21-year-old Rory Felton started whit know-how and ended up with a record label.
By Peter Celauro
A&E Editor
To most music fans, the term “record label owner” conjures images of a portly, cigar-smoking man in an expensive suit, barking orders at employees and stealing royalties from defenseless garage bands.
To 21-year-old Rory Felton, it’s just the title on his business card.
As co-owner of The Militia Group, a Southern California-based label, Felton represents nine bands of varying styles and record circulations. Though their music ranges from punk rock to acoustic guitar to solo keyboard tunes, Felton tries to offer all the bands the same thing: a personal, beneficial relationship.
“When we first hear music we like, we try to contact the band or their manager and find out about them,” Felton said of his label. “What are their goals, their plans? We try to build a relationship with them, see if what they really want as a band matches with what we can do for them as a label. We’ll do anything we can to help make their band grow into a full-time career.”
For Felton, maintaining relationships with the bands comes naturally; he’s been doing it since he was in high school. At 16 he started Arise Records, a small label that he maintained as a hobby. Before he was 18, Felton had already dealt with such bands as the Juliana Theory and Legends of Rodeo.
Meanwhile, the Militia Group was in full swing as a booking agency. Running out of a small office in Huntington Beach, its creator, Chad Pearson, was booking national tours for such local bands as Slick Shoes and Dogwood when he and Felton, at the time a freshman at the University of Southern California, had an idea.
“I moved out to California from Kansas City in 2000 to study Music Industry at USC,” Felton said. “I saw all these great local acts and wondered why nobody was signing them. So I got together with my buddy Chad, who used to book shows under the moniker The Militia Group. We talked, and after a month, we signed our first bank loan.”
The label was up and running by January 2001, and six months later they released their first record. Since then, 80,000 copies of Rufio’s “Perhaps, I Suppose…” have been shipped to various record stores. Because music stores won’t request records from labels unless they know they can sell them, the number is staggering even to Felton.
“When you consider our original goal of 5,000, it’s pretty insane,” he said. “It led to me leaving school [after sophomore year] to pursue the label full time.
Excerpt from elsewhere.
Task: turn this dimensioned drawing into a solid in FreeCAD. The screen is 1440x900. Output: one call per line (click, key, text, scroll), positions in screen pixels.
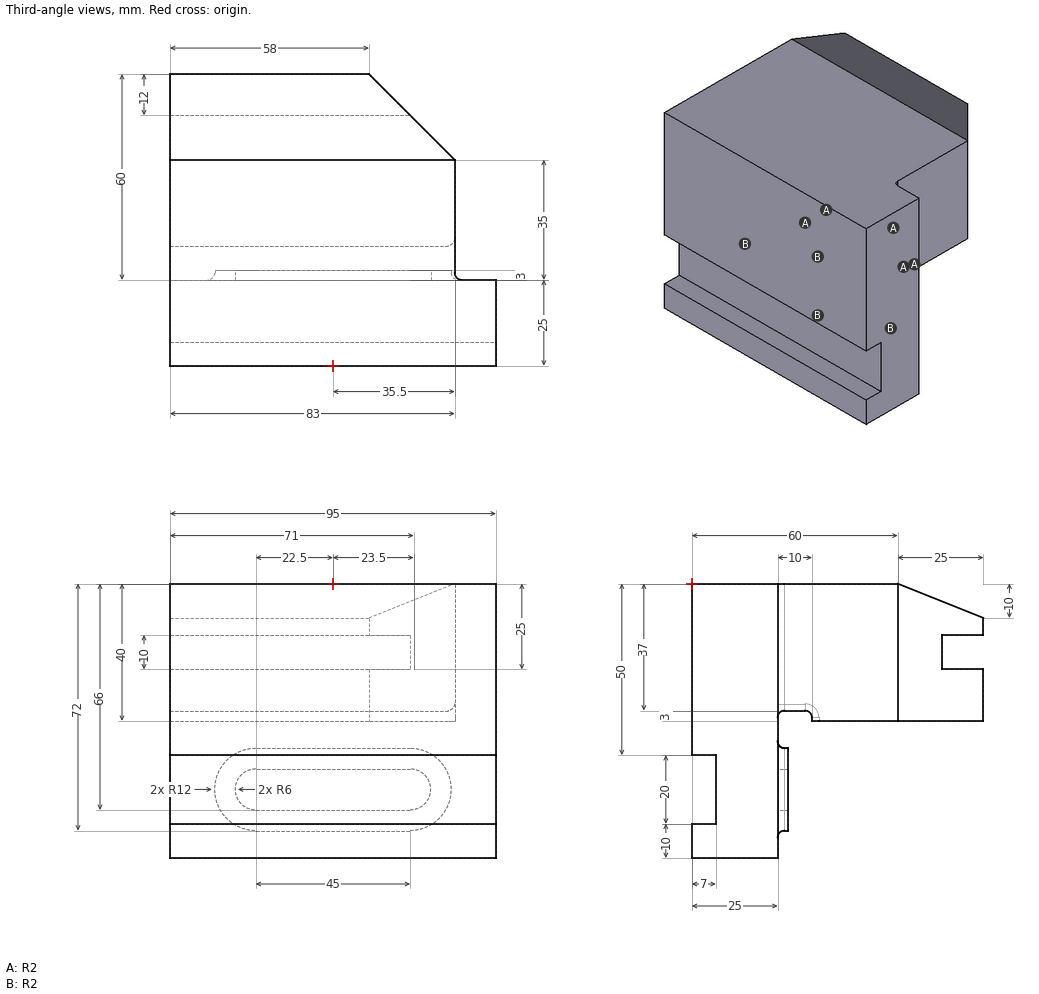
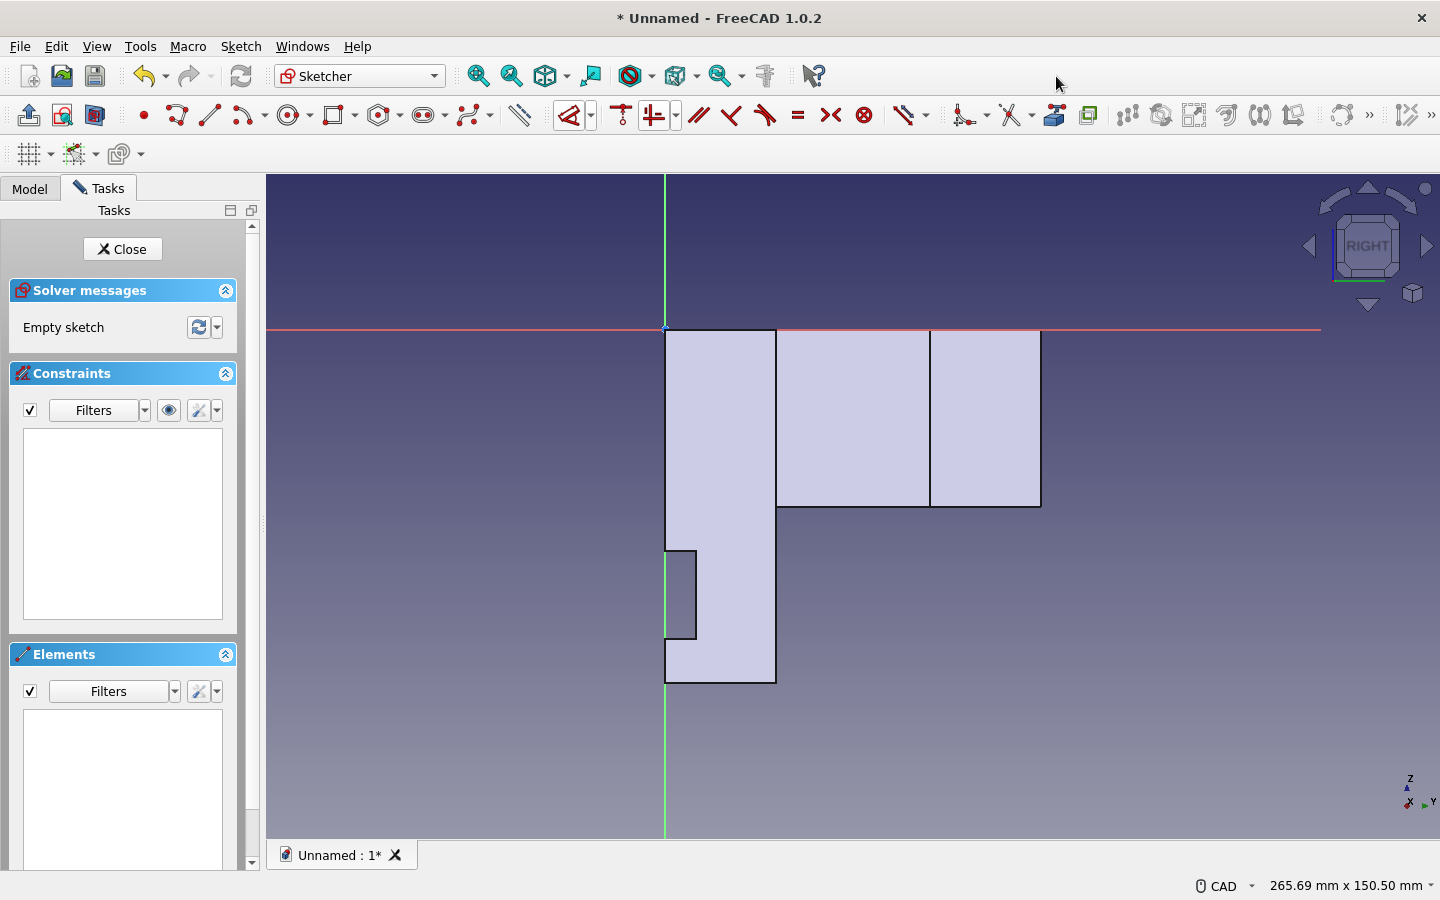
scroll(799, 499, up, 14)
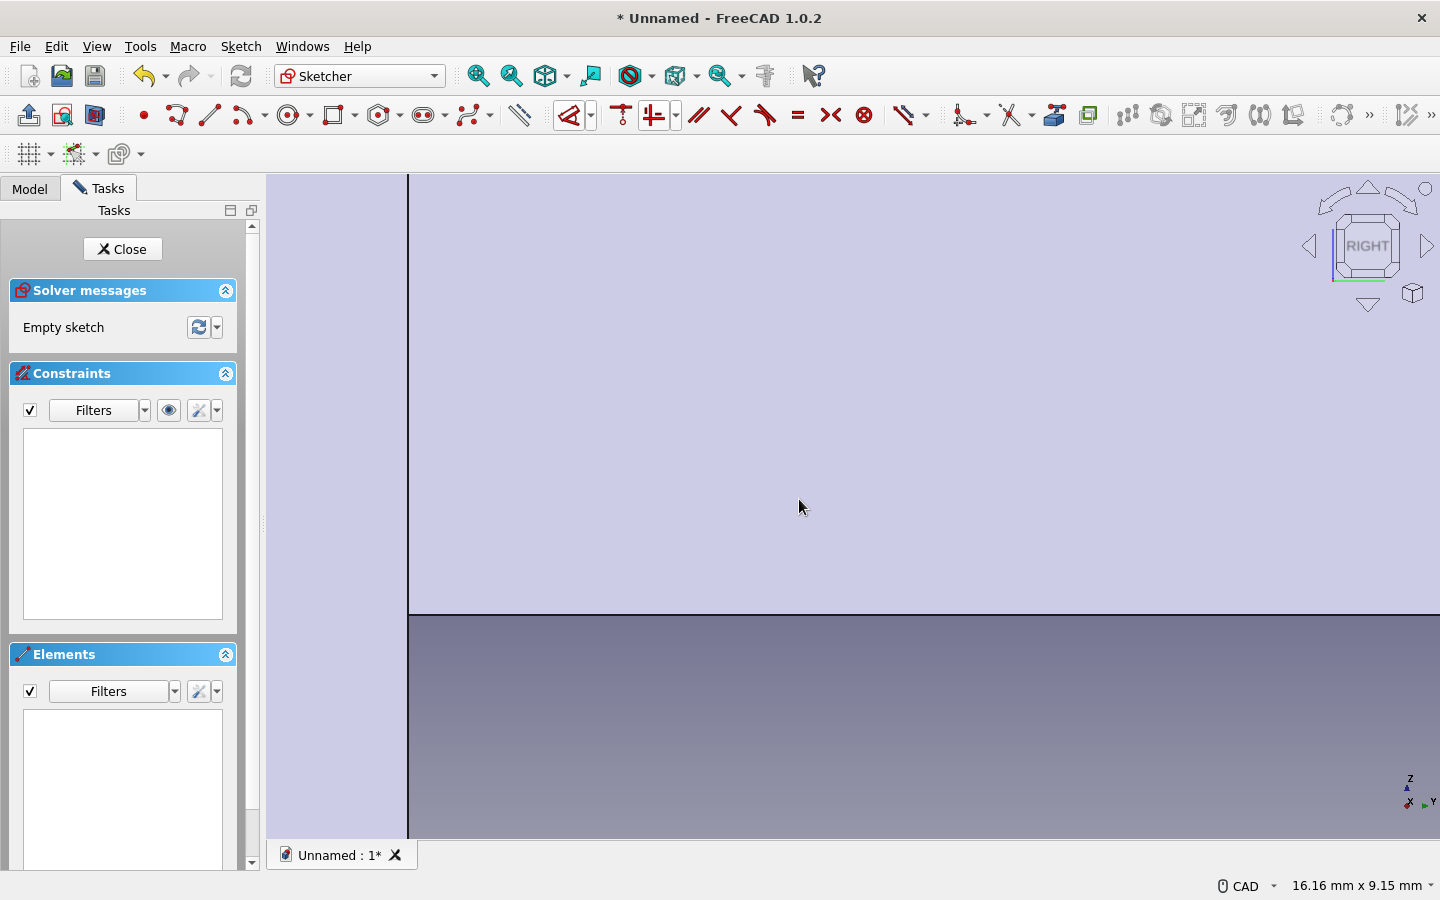
click(332, 116)

Now we have a full staff of eight in Anaheim, and we’ve done 15 or 16 albums. We’ve definitely been really blessed.”
Those 15 or 16 albums have come from nine different groups, some of which are based less than two hours from Pepperdine: Copeland, The Beautiful Mistake, The Lyndsay Diaries, Noise Ratchet, Acceptance, The Rocket Summer, Rufio, Tora! Tora! Torrance!, and Big Collapse. Though the label receives a lot of demo CDs by mail, for the most part, bands like these find their way to The Militia Group through word of mouth.
“If we hear their name from several different people, we’ll go listen to them,” Felton said. “When they’re local it’s a lot easier, but sometimes when a band from somewhere else has a lot of buzz around here, we’ll fly out to see them. It’s important to meet with the actual musicians, to find out what they’re about.”
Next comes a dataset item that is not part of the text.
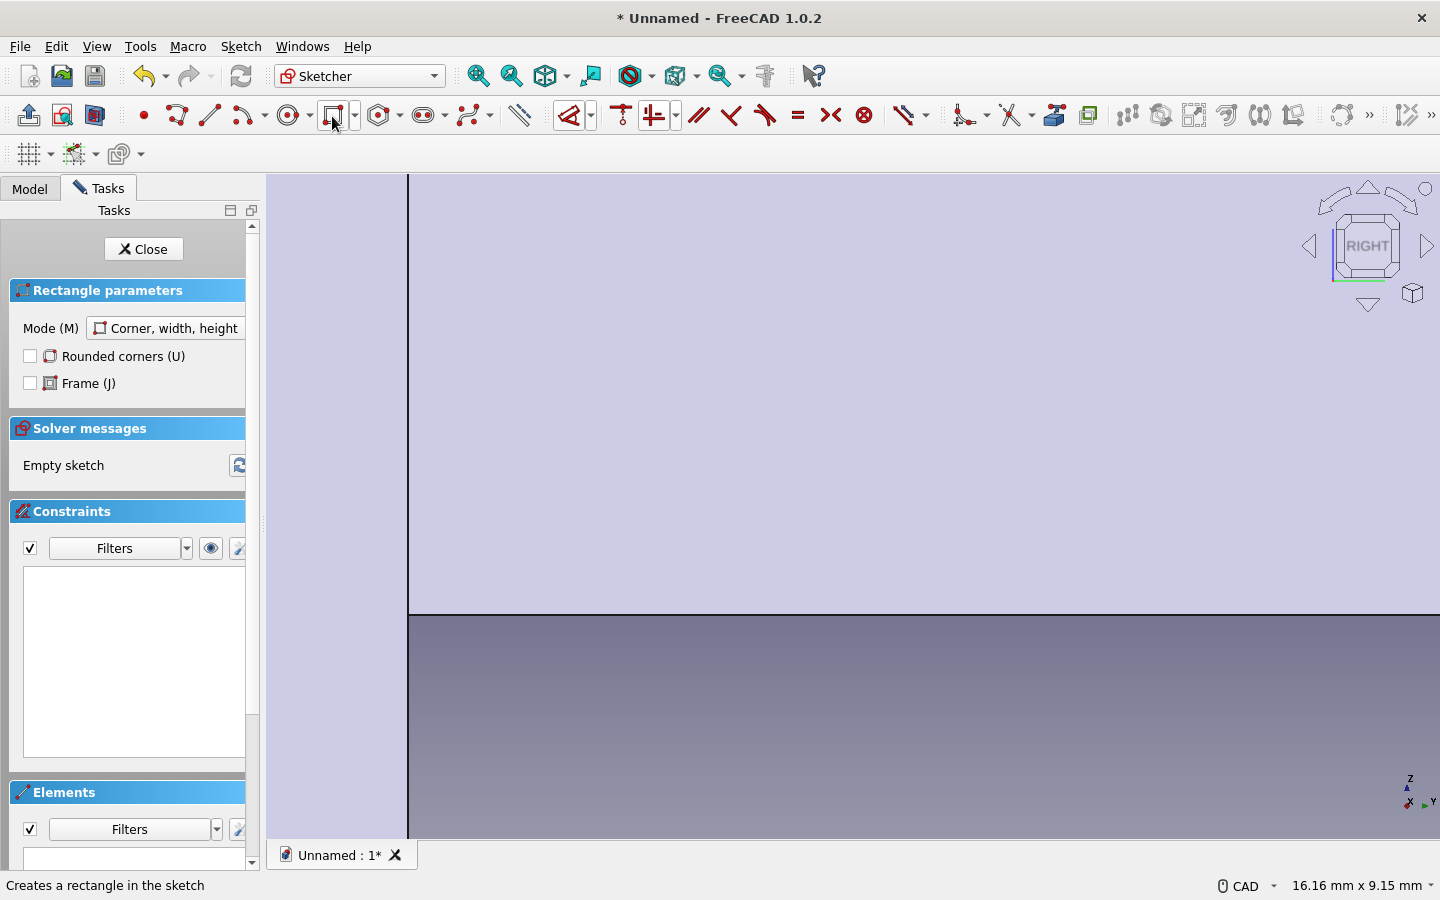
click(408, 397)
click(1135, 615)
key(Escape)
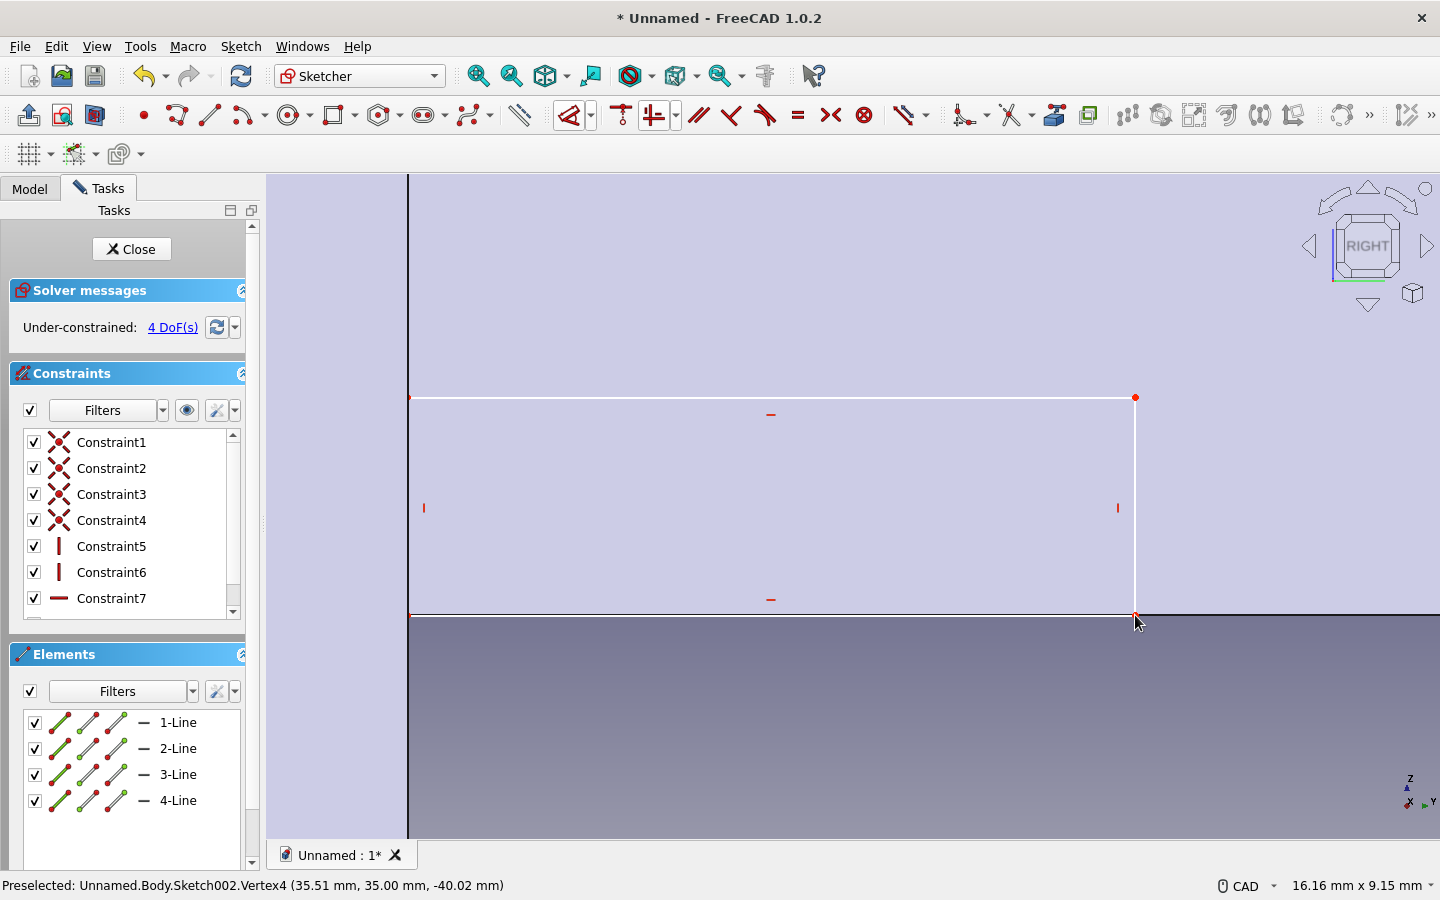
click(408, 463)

Is Felton surprised at the success he’s had?
“Oh, of course,” he said. “I knew it wouldn’t be a full-time job right away, but I wanted it to eventually be full-time. And because of the circumstances, it ended up happening quicker than we originally planned.”
And it’s still happening. The Militia Group’s first quarter sales alone have already matched last year’s total sales, and Felton has plans to eventually put out a record approximately once a month, diversifying the label’s roster.
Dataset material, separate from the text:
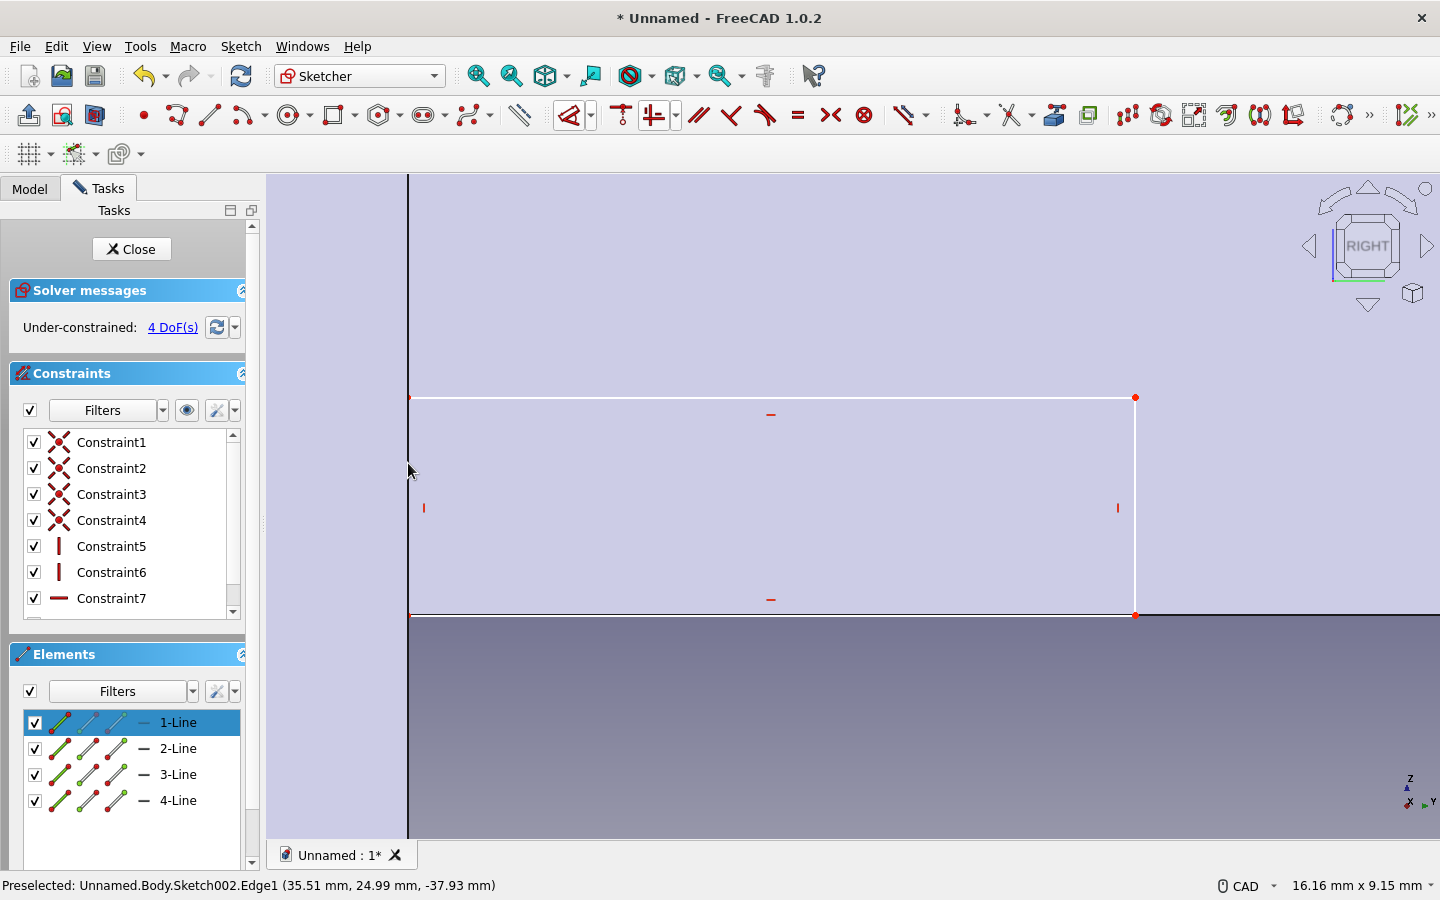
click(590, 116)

For the young record executive and his crew, that means a lot more work, but he doesn’t mind.
“We want to grow slow and steady. When someone lets us know that they’ve met with other labels but can see that we do things differently, more artist-oriented, it’s really encouraging,” he said. “That’s what makes this job so great. On one side it’s a business, but on the other hand you’re in touch with all these artists and great people. If I’m here 30 years from now, still doing this, I’ll be happy.”